The sorbent-sorbate contact time was investigated for the removal of CFCN by MgFeAl-1, MgFeAl-2, MgFeAl-3, and MgFeAl-4, as shown in Figure 4a. The adsorption of CFCN on MgFeAl-1, MgFeAl-2, MgFeAl-3, and MgFeAl-4 reached equilibrium within 60 min. The swift increase in CFCN sorption capacity (q_t, mg g⁻¹) from 0 to 20 min is attributable to the abundance of active sites on the sorbent surfaces [51]. Subsequently, q_t begins to diminish from 20 to 45 min, followed by a weak ascending trend due to the mostly occupied sorption sites [52]. MgFeAl-1, MgFeAl-2, MgFeAl-3, and MgFeAl-4 resulted in qt values of 85.10, 99.45, 89.09, and 91.44 CFCN mg per 1.0 g adsorbent, respectively, which match the surface area observations, indicating that 2.5% NiO was the appropriate doping dosage, creating more holes in the underlying nanocomposite. The capabilities of MgFeAl-1, MgFeAl-2, MgFeAl-3, and MgFeAl-4 to remove CFCN were aligned with their surface area outputs. Although MgFeAl-2 and MgFeAl-3 had almost similar surface areas, MgFeAl-2’s wider pore volume might justify its superiority over MgFeAl-3. It is worthnoting that MgFeAl-2 performance in removing CFCN was quite cooperative compared to similar adsorbents in the literature (Table 1).

The PSFO and PSSO regressions of CFCN removal by MgFeAl-1, MgFeAl-2, MgFeAl-3, and MgFeAl-4 are depicted in Figure 4b,c. The computed PSFO and PSSO parameters are shown in Table 2, indicating that PSSO provided a better explanation of CFCN sorption on MgFeAl-1, MgFeAl-3, and MgFeAl-4. The results showed that the surfaces of MgFeAl-1, MgFeAl-3, and MgFeAl-4 exhibited multilayer adsorption, in which the sorbed CFCN molecules interact with each other and with localized adsorbent sites. In contrast, the CFCN sorption on MgFeAl-2 was better described by the PSFO, implying that the availability of free adsorption sites on MgFeAl-2’s surface is more influential than the concentration of CFCN in solution [53]. This finding is supported by the highest R² value, the lowest X² and RSS values, and the semi-typical q_e value [37]. Nevertheless, having such close R² values could be interpreted as the co-influence of the PSFO and PSSO models on CFCN removal by MgFeAl-1, MgFeAl-2, MgFeAl-3, and MgFeAl-4 [36].

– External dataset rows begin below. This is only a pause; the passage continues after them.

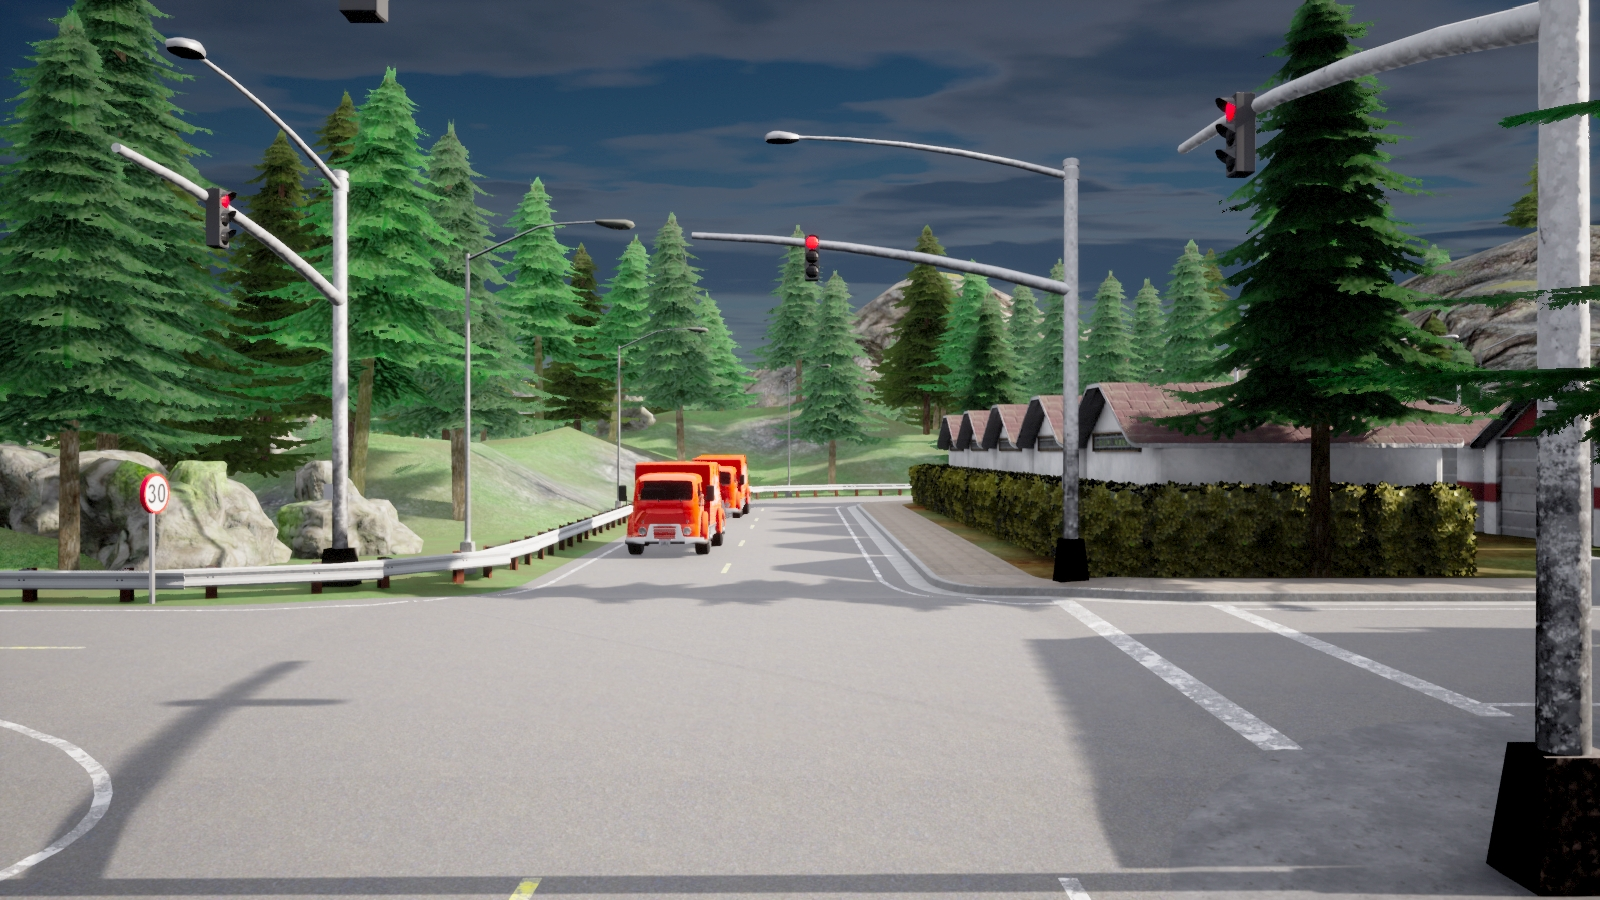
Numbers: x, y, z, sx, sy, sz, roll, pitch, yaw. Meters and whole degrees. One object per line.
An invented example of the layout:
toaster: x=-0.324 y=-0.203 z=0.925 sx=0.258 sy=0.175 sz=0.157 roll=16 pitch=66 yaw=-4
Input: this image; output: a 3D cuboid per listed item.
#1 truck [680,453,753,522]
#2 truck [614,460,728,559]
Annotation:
truck: x=-3.447 y=1.517 z=48.109 sx=2.627 sy=2.467 sz=5.204 roll=0 pitch=3 yaw=1
truck: x=-3.498 y=1.559 z=32.087 sx=2.627 sy=2.467 sz=5.204 roll=0 pitch=0 yaw=0
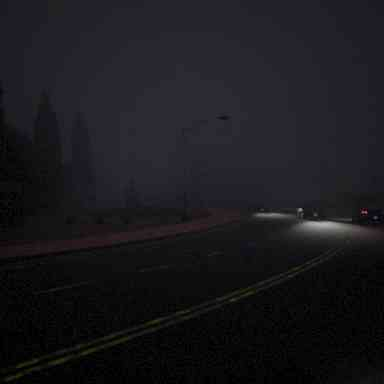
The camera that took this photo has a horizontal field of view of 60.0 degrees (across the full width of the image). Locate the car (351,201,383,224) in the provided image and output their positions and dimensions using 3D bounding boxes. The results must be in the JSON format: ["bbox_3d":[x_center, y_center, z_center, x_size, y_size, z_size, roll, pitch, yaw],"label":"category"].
[{"bbox_3d":[12.941,1.537,24.371,1.812,1.442,4.674,-1,-1,18],"label":"car"}]

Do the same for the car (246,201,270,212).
[{"bbox_3d":[8.110,1.812,41.379,1.895,1.301,4.718,-1,0,-5],"label":"car"}]

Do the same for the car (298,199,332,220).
[{"bbox_3d":[10.418,1.573,29.078,2.128,1.511,4.902,-1,0,12],"label":"car"}]

For a clearer understanding of CFCN sorption through the active pores of MgFeAl-1, MgFeAl-2, MgFeAl-3, and MgFeAl-4 in bulk solution, both the INPDM and LIFDM are considered. Figure 4d,e, along with data presented in Table 1, demonstrate that the LIFDM with the higher regression coefficients (R²) represents the rate-controlling step for CFCN sorption onto these four sorbents, indicating rapid pore diffusion and a strong affinity of CFCN for the nanocomposites developed in this study. This phenomenon can be attributed to the high surface area and/or relatively large pores of MgFeAl-1, MgFeAl-2, MgFeAl-3, and MgFeAl-4. Additionally, the C_i values for all four nanocomposites further suggest a discrepancy in sorption with the INPDM model [37,53].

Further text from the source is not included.